Evolution from previous design

The previous design for parameter update in Swift centered around a parameter aggregate representation based on the ParameterAggregate protocol, defined below:

/// A type representing an aggregate of parameters.
public protocol ParameterAggregate {
    /// The parameter type.
    associatedtype Parameter

    /// Update parameters with their gradient values, using an updater function.
    mutating func update(
        withGradients gradients: Self,
        _ updater: (inout Parameter, Parameter) -> Void
    )
}

We quickly found that the ParameterAggregate is not sufficiently general for defining general optimizers: ParameterAggregate is limited to a single parameter type, and the update function is limited to updating parameters given one instance of gradients and cannot handle additional auxiliary variables.

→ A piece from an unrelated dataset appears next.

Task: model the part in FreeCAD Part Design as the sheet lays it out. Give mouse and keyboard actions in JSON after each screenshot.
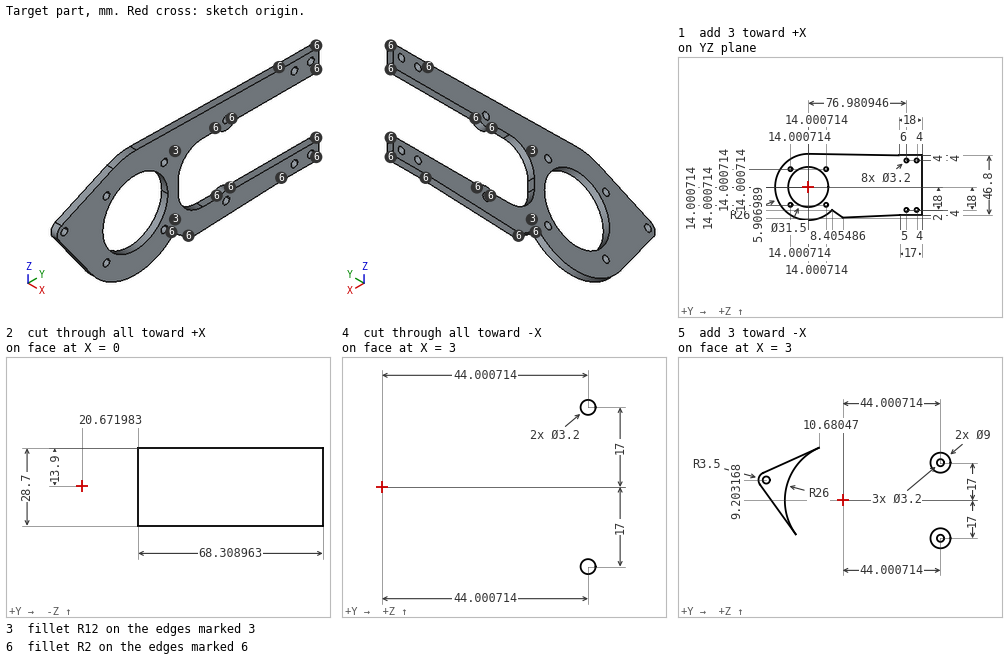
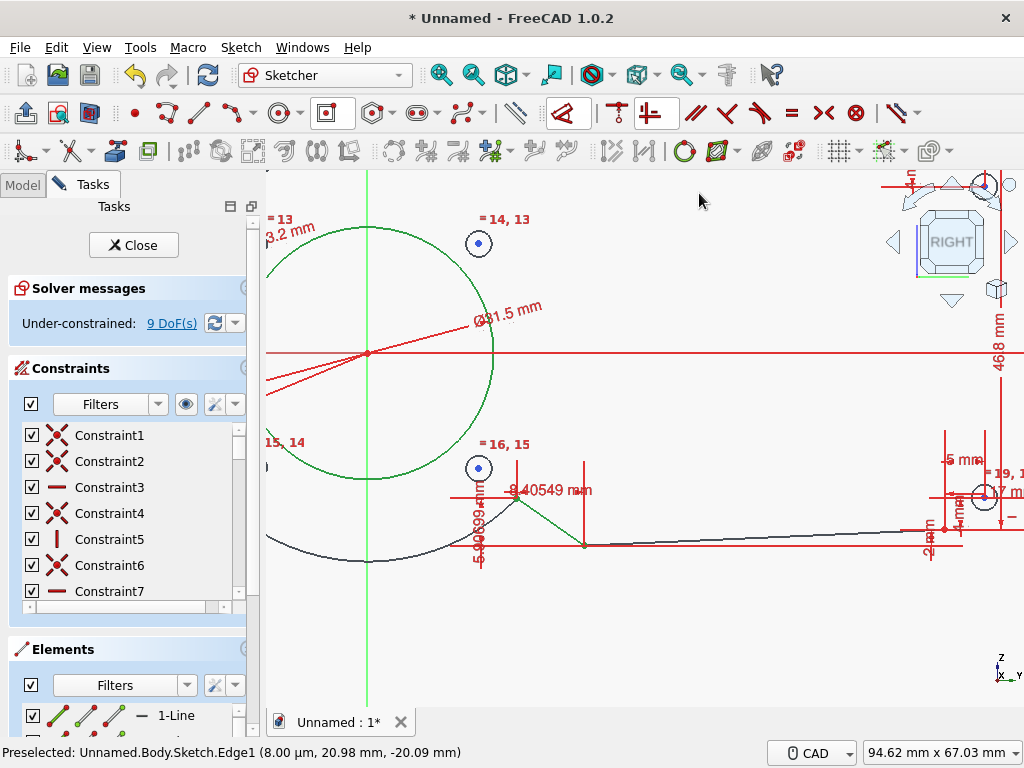
{"action": "scroll", "coordinate": [535, 514], "scroll_direction": "down", "scroll_amount": 4}

By comparison, the new design with KeyPathIterable and Differentiable is more general. KeyPathIterable solves the core problem of parameter update by enabling joint iteration/mutation over all nested parameters of a particular. Compiler synthesis of the Differentiable.AllDifferentiableVariables struct enables parameters and their gradients to have the same type and work with the same key paths.